[Recorded data]
*-*-*

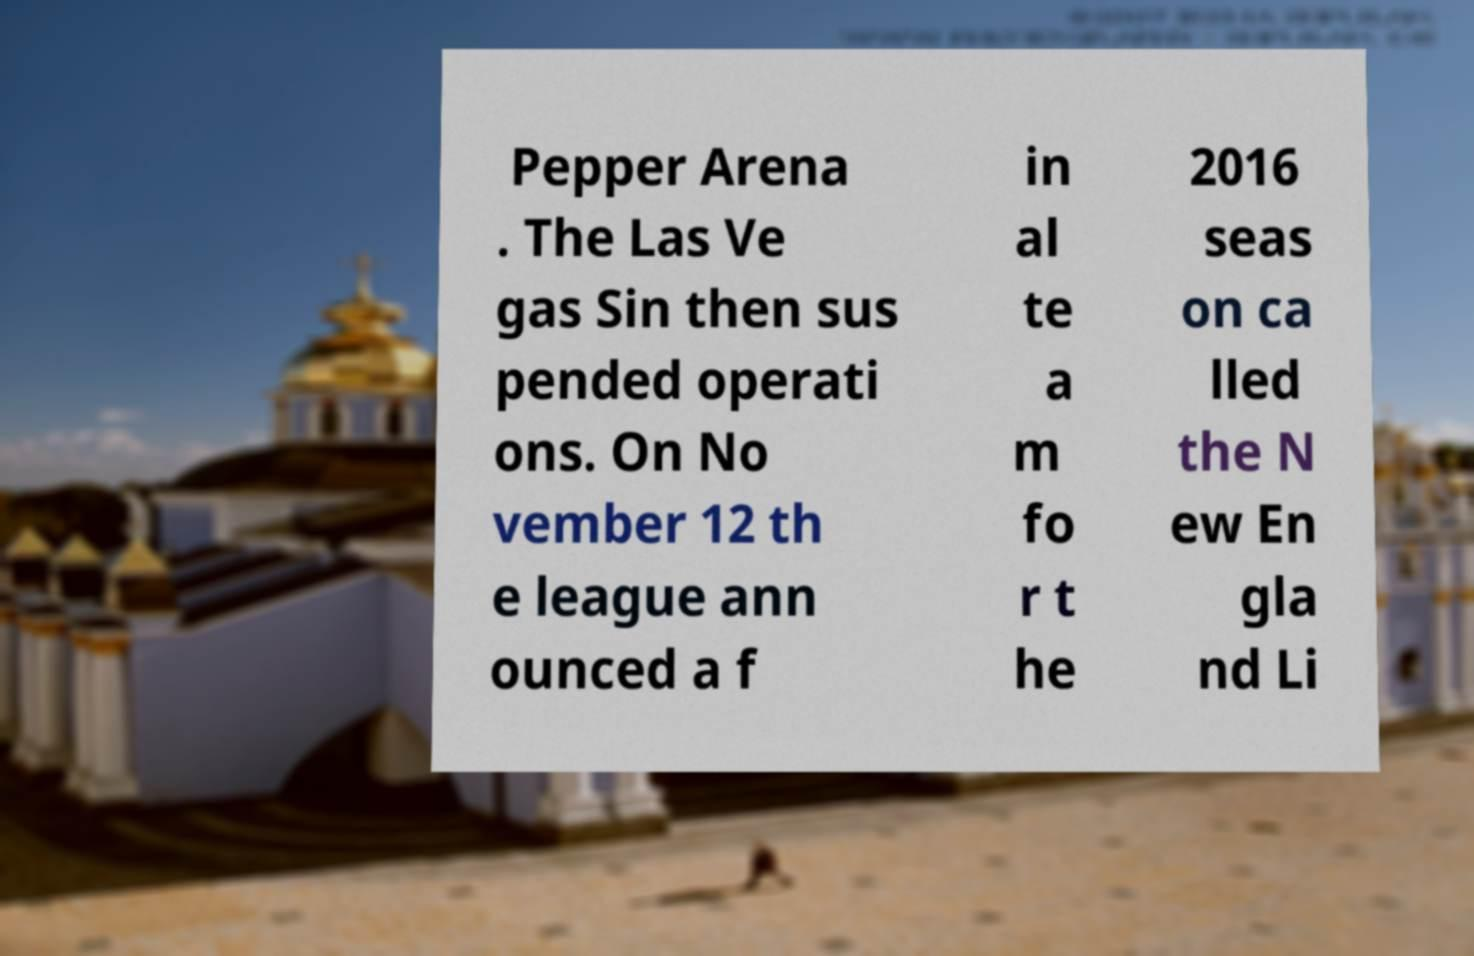Can you accurately transcribe the text from the provided image for me? Pepper Arena . The Las Ve gas Sin then sus pended operati ons. On No vember 12 th e league ann ounced a f in al te a m fo r t he 2016 seas on ca lled the N ew En gla nd Li 
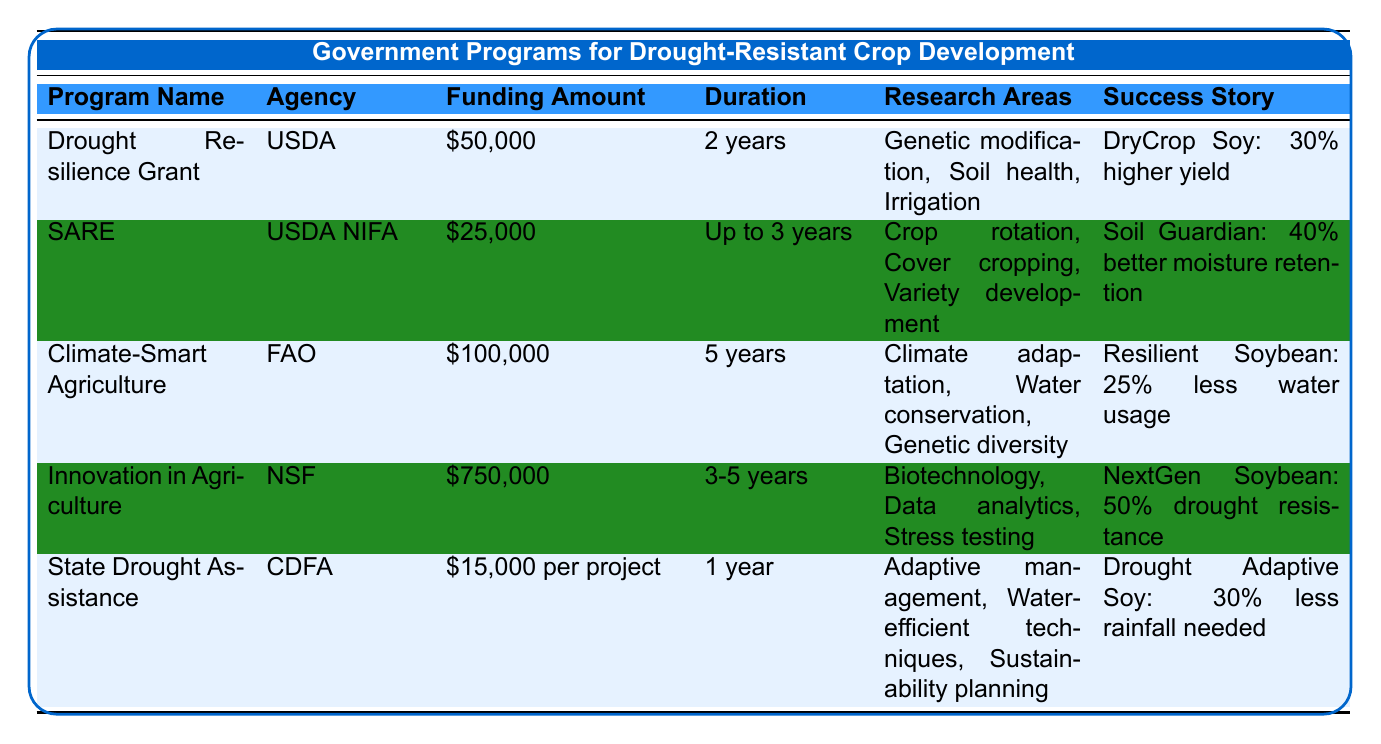What is the total funding amount offered by the Climate-Smart Agriculture Program? The Climate-Smart Agriculture Program offers a single funding amount of $100,000, as stated in the table under the "Funding Amount" column for that program.
Answer: $100,000 Which agency administers the Drought Resilience Grant? The Drought Resilience Grant is administered by the U.S. Department of Agriculture (USDA) as indicated in the "Agency" column for that program.
Answer: USDA What is the duration of the State Drought Assistance Program? The duration of the State Drought Assistance Program is listed as 1 year in the table under the "Duration" column for that program.
Answer: 1 year Which program has the highest funding amount? By comparing the funding amounts across all programs, the Innovation in Agriculture Program has the highest at $750,000, which is indicated in the corresponding row under the "Funding Amount" column.
Answer: $750,000 Do all programs include a success story? Yes, each program listed in the table has a corresponding success story, as shown under the "Success Story" column for each program.
Answer: Yes What are the eligible research areas for the Sustainable Agriculture Research and Education program? The eligible research areas for the Sustainable Agriculture Research and Education program can be found in the "Research Areas" column, which includes crop rotation practices, cover cropping, and drought-resistant variety development.
Answer: Crop rotation, cover cropping, drought-resistant variety development What is the average funding amount across all programs? To find the average funding amount, convert each funding amount to a numerical value: $50,000, $25,000, $100,000, $750,000, and $15,000. Sum them (50,000 + 25,000 + 100,000 + 750,000 + 15,000 = 940,000) and divide by the number of programs (5), resulting in an average of $188,000.
Answer: $188,000 What is the outcome of the NextGen Soybean project? The outcome of the NextGen Soybean project, listed under the success stories of the Innovation in Agriculture Program, is that it developed a soybean variant with 50% drought resistance. This information can be found in the "Success Story" column.
Answer: 50% drought resistance How many programs focus on genetic modification or biotechnology? Three programs focus on genetic modification or biotechnology: Drought Resilience Grant, Climate-Smart Agriculture Program, and Innovation in Agriculture Program. Therefore, count these specific programs and present the total.
Answer: 3 Do any programs offer technical assistance as part of their incentives? Yes, the Sustainable Agriculture Research and Education program provides technical assistance, as indicated in the "Incentives" section of that program in the table.
Answer: Yes What is the difference in funding between the highest and lowest funding programs? The highest funding program is Innovation in Agriculture Program ($750,000) and the lowest is the State Drought Assistance Program ($15,000). Calculate the difference (750,000 - 15,000 = 735,000) to find the numerical difference in funding.
Answer: $735,000

*-*-*

All lines in the records with the string "USDA" should be copied out.

• [Answer to the problem]:
Answer: $100,000 Which agency administers the Drought Resilience Grant? The Drought Resilience Grant is administered by the U.S. Department of Agriculture (USDA) as indicated in the "Agency" column for that program.
Answer: USDA What is the duration of the State Drought Assistance Program? The duration of the State Drought Assistance Program is listed as 1 year in the table under the "Duration" column for that program.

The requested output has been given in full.